The foregoing descriptions of respective embodiments have been based on a procedure, where a mechanical resonance frequency of an individual vibration section of a transducer is measured after it is attached to a frame, and a difference from a predetermined mechanical resonance frequency is used for obtaining the predetermined mechanical resonance frequency. However, when magnetic circuits, suspensions and frames are available in a very steady condition, unitized vibration sections integrated with a magnetic circuit, weight portion and suspension can be supplied. In this case, at least one out of one lot of the supplied vibration section(s) is (are) sampled, and this sample is attached to a frame in the same manner as in the above embodiments to determine a weight for resonance frequency adjustment, or a locational shift for welding. And, production of electro-acoustic transducers having a vibrating function may be performed in accordance with determinations made in the above-described sampling process until a new variation factor arises.

Thus, an individual measurement for each transducer conducted in a process of production of an electro-acoustic transducer having a vibrating function for a purpose of obtaining a predetermined mechanical resonance frequency, determination of a weight for resonance frequency adjustment and determination of a welding position can be eliminated. This contributes to a substantial improvement of productivity.

Namely, in a state where supply conditions influential to a variation of resonance frequency, such as a suspension material thickness, weight of a magnetic circuit portion or the like are very stable, excluding typical lot-to-lot variations, the above-described production process utilizing the sampling measurement leads to a more efficient production.

INDUSTRIAL APPLICABILITY

In production of electro-acoustic transducers having a vibrating function, mechanical resonance frequency of the vibrating section can be stabilized in an efficient manner in accordance with the present invention.
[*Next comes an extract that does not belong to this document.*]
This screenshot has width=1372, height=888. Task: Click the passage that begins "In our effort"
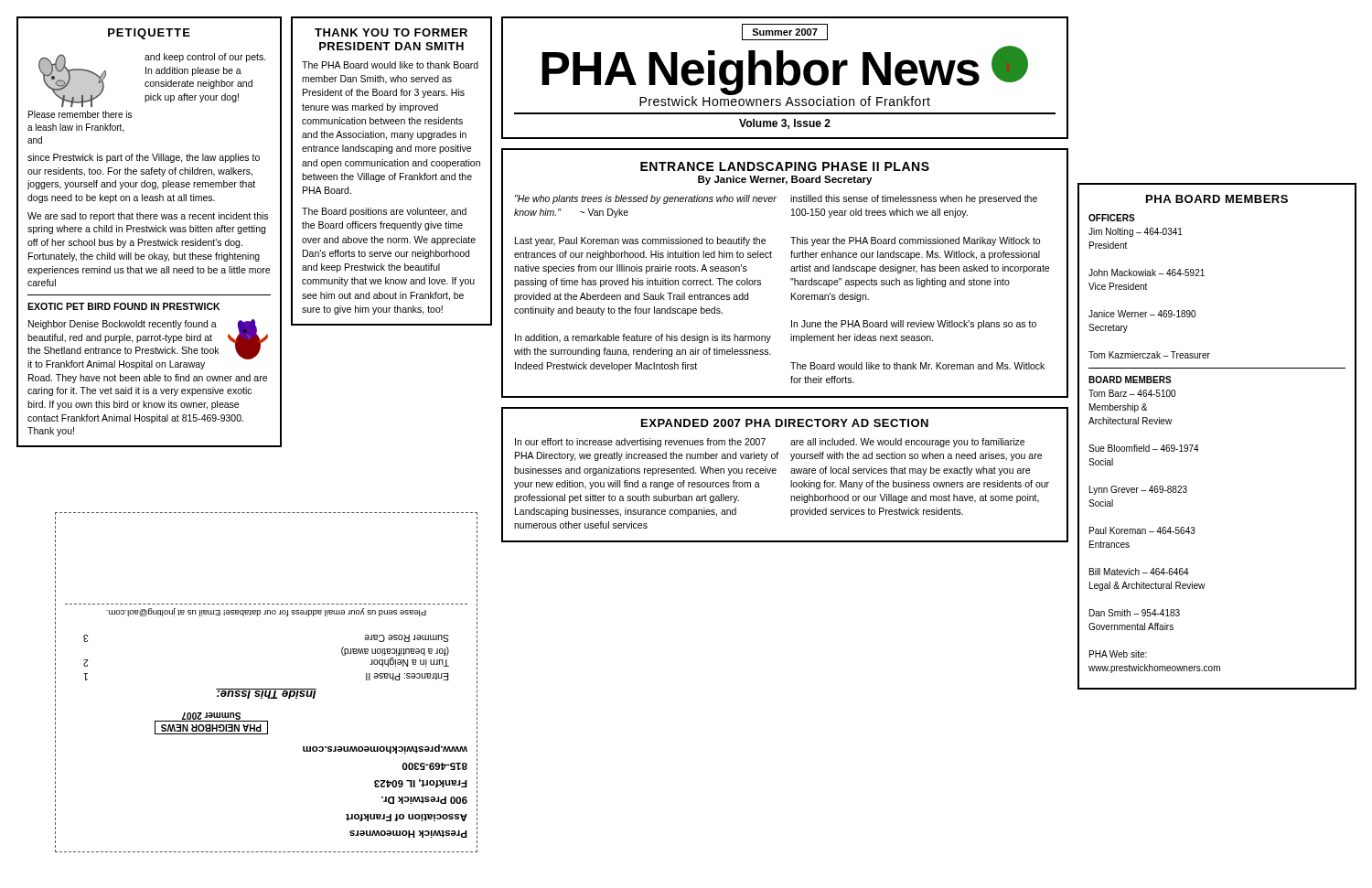pyautogui.click(x=646, y=484)
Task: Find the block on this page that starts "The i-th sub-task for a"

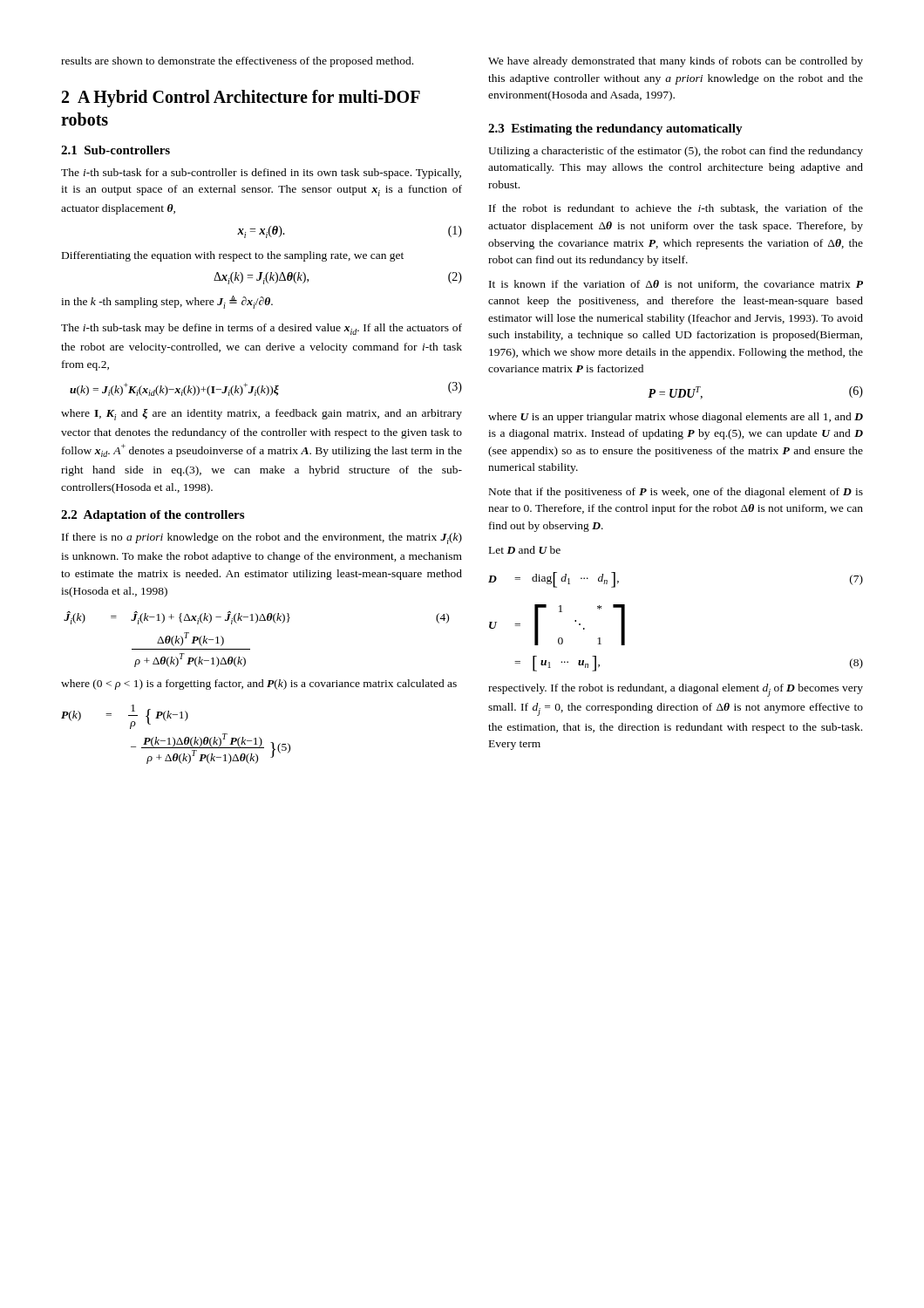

Thus, the present invention provides stable quality electro-acoustic transducers having a vibrating function at a low cost, and provides a great influence in industry.

Claims

1. A method of manufacturing an electro-acoustic transducer having a vibrating function, comprising:

providing a vibration section including a magnetic circuit having a magnetic gap;

provisionally fixing said vibration section to a frame;

fixing a diaphragm, having a voice coil, to said frame while said voice coil is positioned within said magnetic gap;

determining a final fixing position of said vibration section relative to said frame by measuring a mechanical resonance frequency of said vibration section; and

welding said vibration section to said frame based on the determined final fixing position.

2. The method according to claim 1, further comprising:

finishing an appearance of the electro-acoustic transducer prior to welding said vibration section to said frame.

3. The method according to claim 1, wherein

provisionally fixing said vibration section to a frame comprises provisionally fixing said vibration section to said frame at a position such that a mechanical resonance frequency of said vibration section is lower than a predetermined mechanical resonance frequency of said vibration section.

4. The method according to claim 1, further comprising:

determining positions at which said vibration section is to be welded to said frame by determining positions at which said frame would be welded to a vibration section, sampled from a production lot of vibration sections, so as to obtain a desired resonance frequency,

such that welding said vibration section to said frame comprises welding said vibration section to said frame at said positions.

5. The method according to claim 4, wherein

said vibration section further has a magnetic circuit portion and a suspension, with said magnetic gap being in said magnetic circuit portion, and such that welding said vibration section to said frame comprises welding said suspension to said frame.